Tuesday, April 26, 2005

Senate Opens Hearings on Social Security Reform as Top Republican Questions Private Accounts

The U.S. Senate Finance Committee is scheduled to open hearings on Social Security Reform today. The hearing will feature Robert Pozen of MFS Investment Management, who has proposed "progressive indexing" of benefits; Peter Orszag, a Clinton administration official who opposes private accounts; Peter Ferrara of the Free Enterprise Fund, who supports private accounts; Michael Tanner of the Cato Institute, who supports private accounts; and Joan Entmacher of the National Women’s Law Center, who opposes private accounts and cautioned against benefit cuts.

The central issue in the hearing and the general debate around Social Security reform is the president’s proposal which would let younger workers invest in private accounts income equivalent to 4 percentage points of their 6.2 percent Social Security payroll tax. The president concluded a 60-day campaign to promote his privatization proposal today in Galveston, Texas. The president is gambling that private accounts will cushion the blow of future benefit cuts by creating an alternate stream of income that might benefit from compounding interest or higher rates of return.

The hearing comes hours after the panel’s leading Republican, Sen. Charles Grassley (R-Iowa) said that the issue of private investment won’t solve the problem of keeping Social Security afloat. The president himself has recently conceded, according to CNN,
that individual investment accounts do not by themselves address the solvency issue.

According to the Associate Press:
The program [Social Security] currently takes in more in payroll taxes than it pays out in benefits to about 47 million recipients, including retirees, the disabled and survivors. That trend is projected to end in 2017, after the baby boom generation has begun retiring. By 2041, the system will have exhausted a trust fund built up to continue paying full retiree benefits. Then, according to program analysts, payroll taxes will be able to cover only about 72 percent of promised benefits.

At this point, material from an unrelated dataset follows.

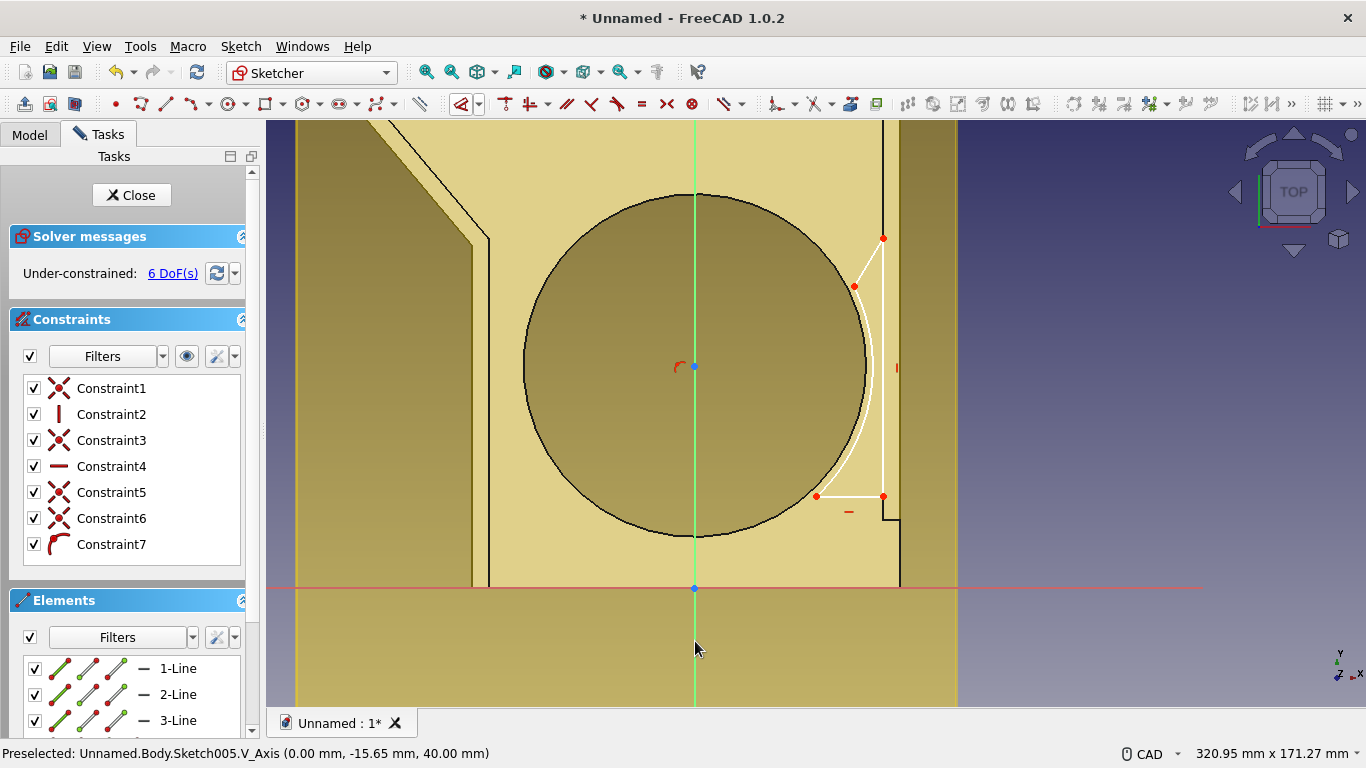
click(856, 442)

Privatization is unlikely to succeed. Even if it does, there are far greater issues to address. According to CNN,
To address solvency, Bush has said he will consider many options, including raising the retirement age, lifting the amount of payroll earnings subject to Social Security tax and adjusting the formula used to calculate benefits.

Real Social Security reform will address the long-term solvency of the program. The Bush proposal to create private accounts does nothing to ensure the long-term viability of Social Security. Further private accounts are not guaranteed to generate returns greater than that of the current program, which would lead to benefit cuts beyond those needed if the current program was to remain in place.